Воцарилась полная тишина. Все глаза были устремлены на Терри.
– Нет, – он вздохнул, – не совсем. Теперь это лишь память. Это совсем не то, но я бы так хотел, чтобы оно было. Я чувствовал себя действительно живым, ээ, где-то около недели, наверно, но это было реальным. Это было самым реальным из всего, что я когда-либо испытывал, это была реальная жизнь, а эта только что-то вроде, ну, как вы говорите, как во сне. Я обещал себе, что не упущу этого, как говорила Лиза, но упустил, и теперь всё почти как обычно.

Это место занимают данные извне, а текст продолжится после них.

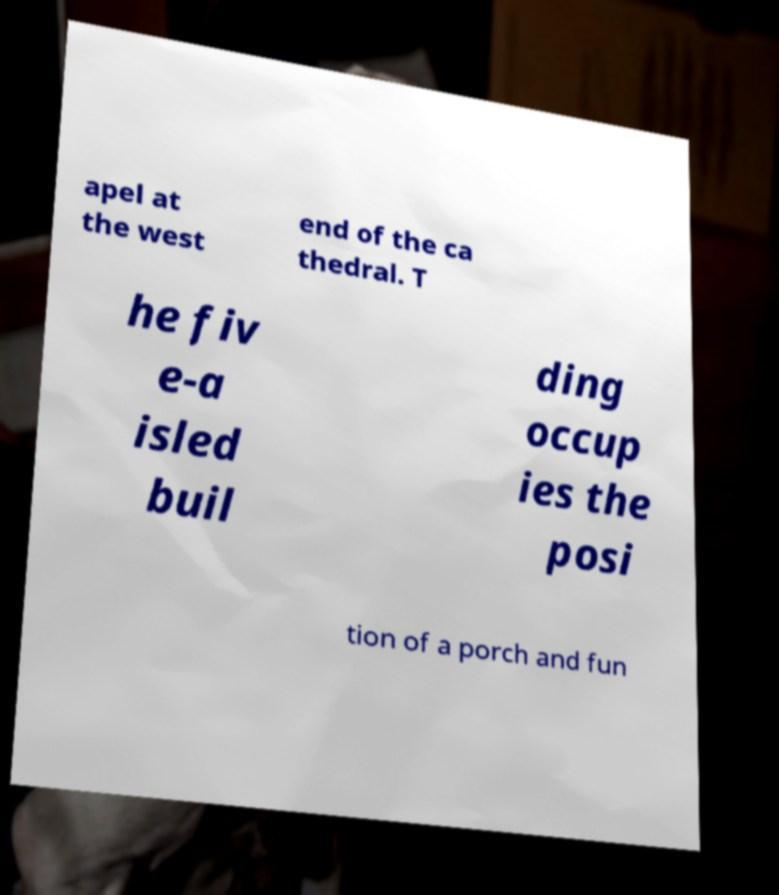For documentation purposes, I need the text within this image transcribed. Could you provide that? apel at the west end of the ca thedral. T he fiv e-a isled buil ding occup ies the posi tion of a porch and fun 
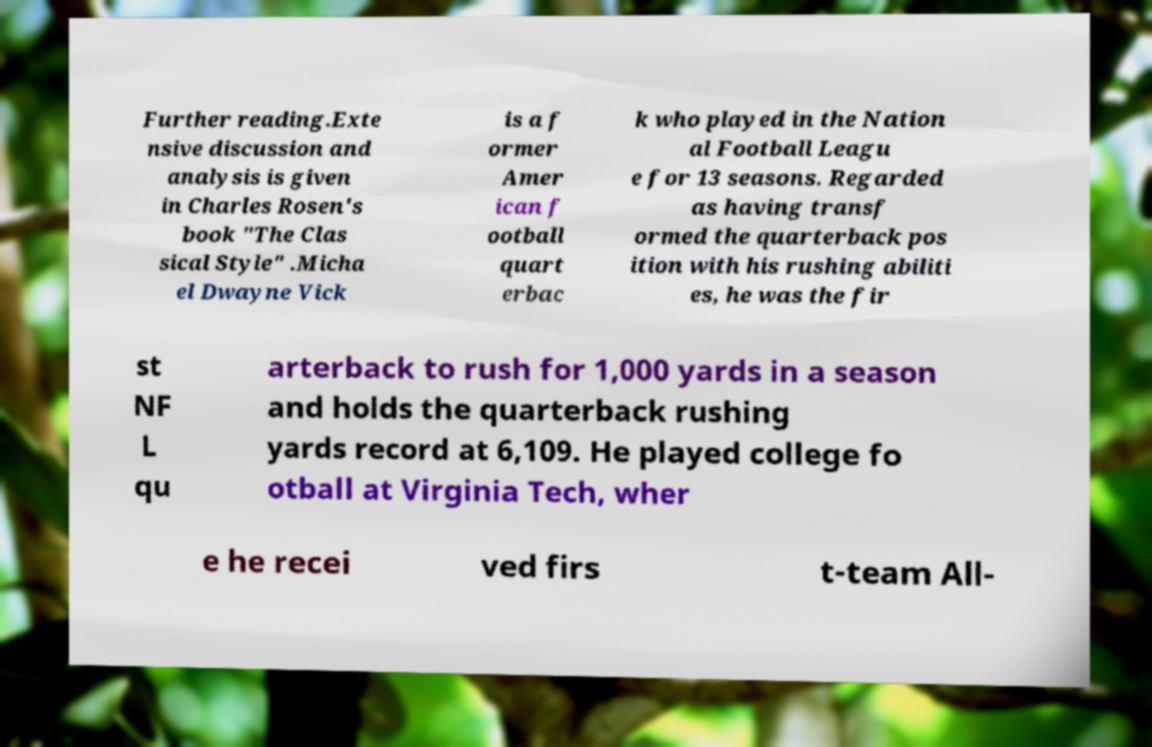Could you extract and type out the text from this image? Further reading.Exte nsive discussion and analysis is given in Charles Rosen's book "The Clas sical Style" .Micha el Dwayne Vick is a f ormer Amer ican f ootball quart erbac k who played in the Nation al Football Leagu e for 13 seasons. Regarded as having transf ormed the quarterback pos ition with his rushing abiliti es, he was the fir st NF L qu arterback to rush for 1,000 yards in a season and holds the quarterback rushing yards record at 6,109. He played college fo otball at Virginia Tech, wher e he recei ved firs t-team All- 
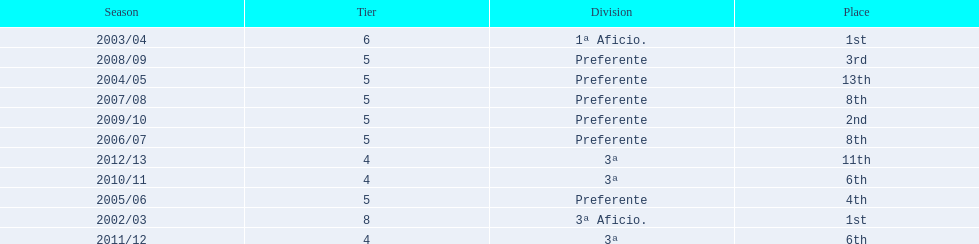What was the number of wins for preferente? 6. 
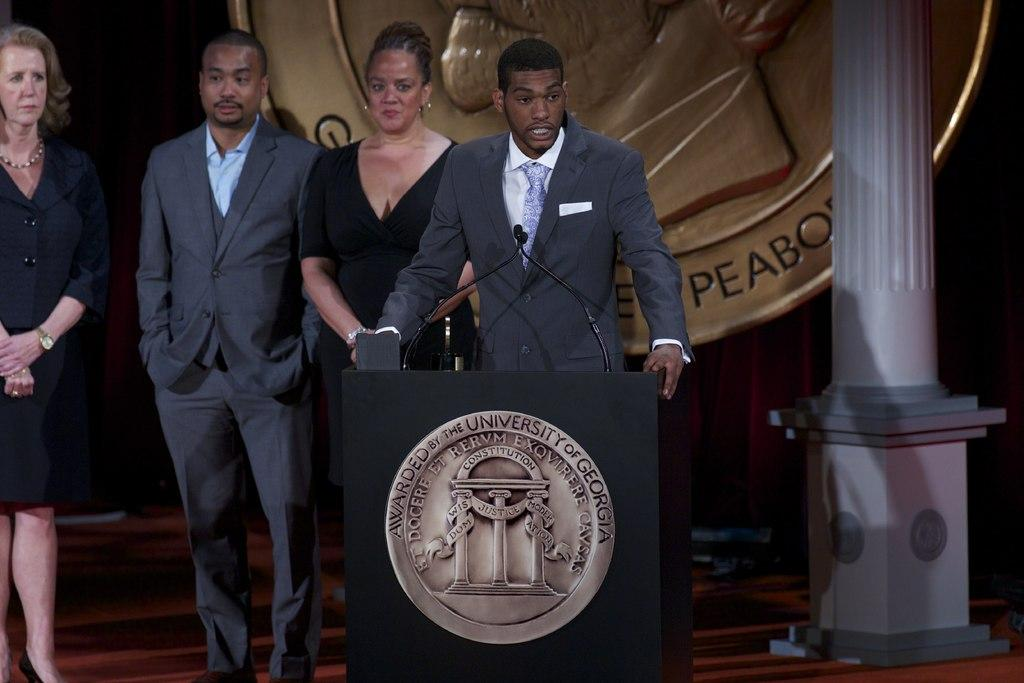<image>
Render a clear and concise summary of the photo. A man at a podium giving a speech with a sign behind him that has peabody on it. 
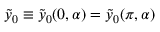<formula> <loc_0><loc_0><loc_500><loc_500>\tilde { y } _ { 0 } \equiv \tilde { y } _ { 0 } ( 0 , \alpha ) = \tilde { y } _ { 0 } ( \pi , \alpha )</formula> 
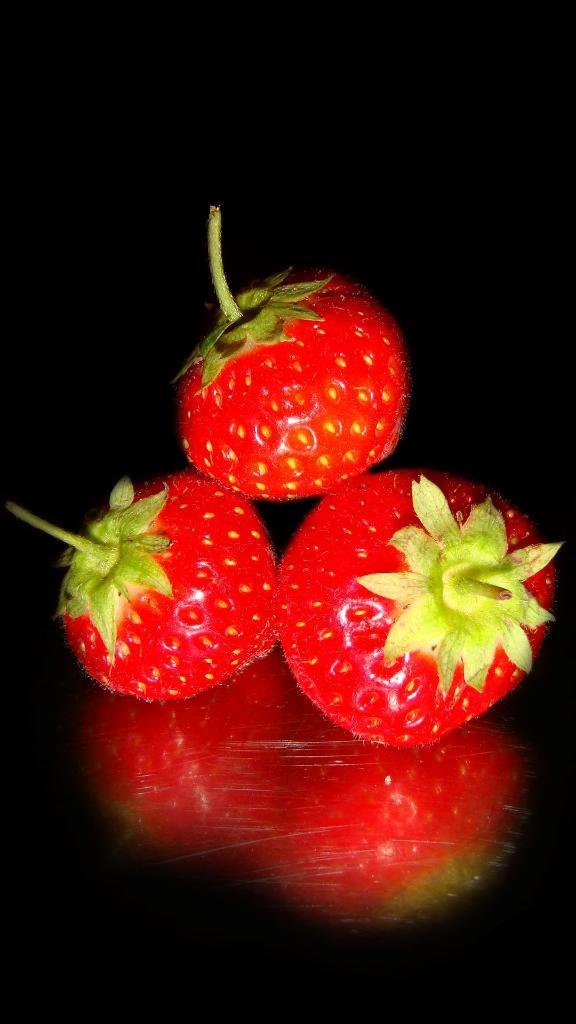How many strawberries are visible in the image? There are three strawberries in the image. What can be observed about the background of the image? The background of the image appears dark. How many women are present in the image? There are no women present in the image; it only features strawberries. Can you see any clovers in the image? There are no clovers visible in the image; it only features strawberries. 
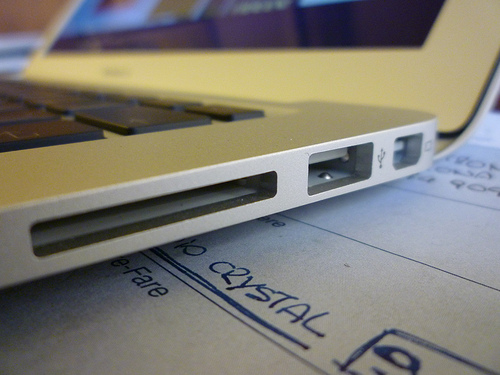<image>
Is there a keyboard under the screen? Yes. The keyboard is positioned underneath the screen, with the screen above it in the vertical space. 
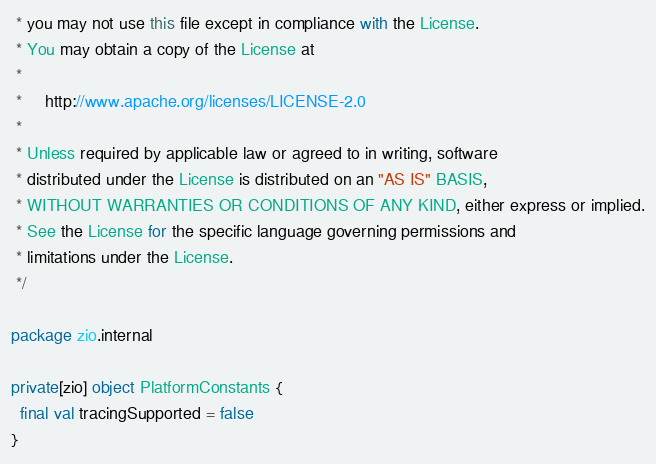Convert code to text. <code><loc_0><loc_0><loc_500><loc_500><_Scala_> * you may not use this file except in compliance with the License.
 * You may obtain a copy of the License at
 *
 *     http://www.apache.org/licenses/LICENSE-2.0
 *
 * Unless required by applicable law or agreed to in writing, software
 * distributed under the License is distributed on an "AS IS" BASIS,
 * WITHOUT WARRANTIES OR CONDITIONS OF ANY KIND, either express or implied.
 * See the License for the specific language governing permissions and
 * limitations under the License.
 */

package zio.internal

private[zio] object PlatformConstants {
  final val tracingSupported = false
}
</code> 
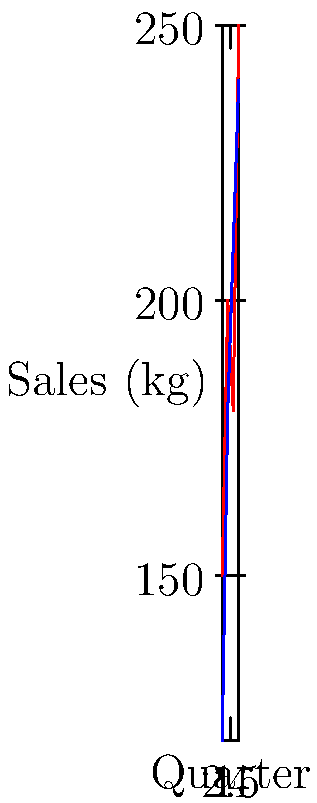Based on the coordinate plane showing quarterly sales data for Arabica and Robusta coffee beans, what is the total increase in sales (in kg) for Arabica beans from Q1 to Q4? To find the total increase in sales for Arabica beans from Q1 to Q4, we need to:

1. Identify the sales figures for Arabica in Q1 and Q4:
   Q1 (x = 1): 150 kg
   Q4 (x = 4): 250 kg

2. Calculate the difference between Q4 and Q1 sales:
   Increase = Q4 sales - Q1 sales
   Increase = 250 kg - 150 kg = 100 kg

Therefore, the total increase in sales for Arabica beans from Q1 to Q4 is 100 kg.
Answer: 100 kg 
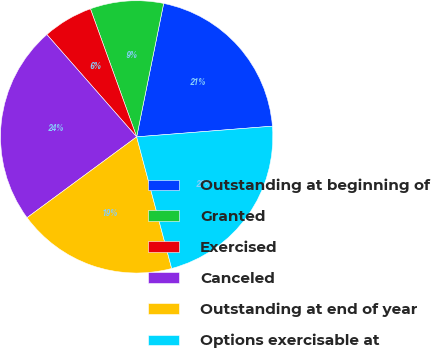Convert chart to OTSL. <chart><loc_0><loc_0><loc_500><loc_500><pie_chart><fcel>Outstanding at beginning of<fcel>Granted<fcel>Exercised<fcel>Canceled<fcel>Outstanding at end of year<fcel>Options exercisable at<nl><fcel>20.57%<fcel>8.69%<fcel>5.95%<fcel>23.64%<fcel>19.03%<fcel>22.11%<nl></chart> 
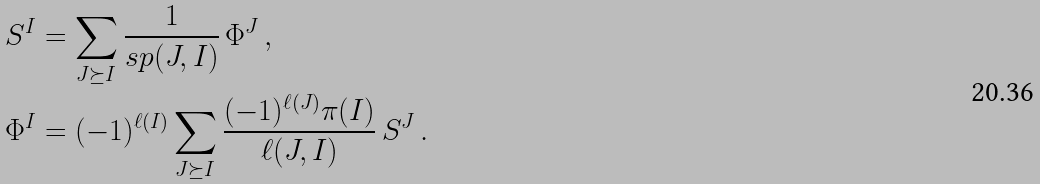<formula> <loc_0><loc_0><loc_500><loc_500>S ^ { I } & = \sum _ { J \succeq I } \frac { 1 } { s p ( J , I ) } \, \Phi ^ { J } \, , \\ \Phi ^ { I } & = ( - 1 ) ^ { \ell ( I ) } \sum _ { J \succeq I } \frac { ( - 1 ) ^ { \ell ( J ) } \pi ( I ) } { \ell ( J , I ) } \, S ^ { J } \, .</formula> 
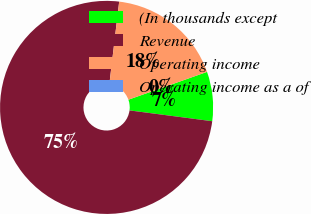<chart> <loc_0><loc_0><loc_500><loc_500><pie_chart><fcel>(In thousands except<fcel>Revenue<fcel>Operating income<fcel>Operating income as a of<nl><fcel>7.48%<fcel>74.81%<fcel>17.7%<fcel>0.0%<nl></chart> 
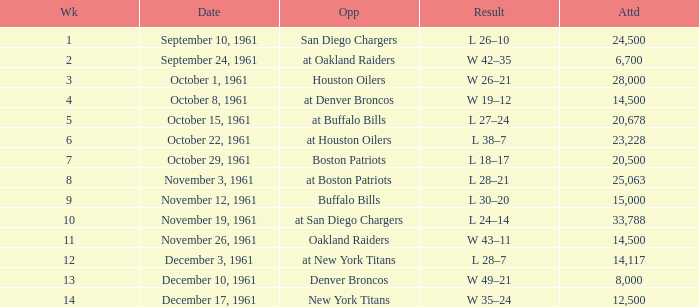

– Значит, для вас это было не клише?
– О, нет, конечно нет, – сказал он с ощутимой искренностью, – я был живее, чем когда-либо в жизни. Прямо как вы говорите, как будто я проснулся не мгновенье, но не смог остаться в этом состоянии, как будто снова закрыл глаза и уплыл в ту жизнь, где я был раньше до несчастного случая, или жизнь затащила меня обратно. Как-то грустно об этом сейчас думать, что я вот, опять нормальный человек, и всё такое. Было такое чувство, что я наконец родился, как будто я впервые узнал, что такое жизнь. Я всегда думал, что жизнь должна быть именно такой. Я и сейчас так думаю. Это стало главной причиной, почему я стал увлекаться духовностью и приходить сюда к Брэтт. Я пытался снова поймать то ощущение интенсивной жизненности. И, в общем-то, всё ещё пытаюсь.
– И как вам это удаётся?
Он покачал головой.
– Не очень-то.
***
– Лишь тот день для нас наступит, в котором мы пробуждены, – сказал я. – Так говорил Торо. Лишь тот день для нас наступит, в котором мы пробуждены. Это звучит довольно сентиментально, но на самом деле это нано-бомба, как фотография Лизы, как вирус, крошечный микроб, который может залезть внутрь и распространиться там, в конце концов, опрокинув гиганта. Или так можно было бы предположить, во всяком случае. Факт в том, что автоматическая иммунная система Майи довольно крепка и отлично может справиться с подобным надоедливым микробом. Вы слышали, что сделала Лиза: у неё была фотография, которая пришла в негодность, тогда она сделала другую и заламинировала её. Ту, что она вам показывала. Она развила в себе что-то типа пристрастия к ней. Нездоровая одержимость – так, я думаю, психотерапевты назвали бы это, они попытались бы вылечить её, накормить лекарствами. К счастью, она не пошла к психотерапевту.
Я подбросил дров в костёр и подправил его лопатой. В ночь полетели искры, исчезая на глазах.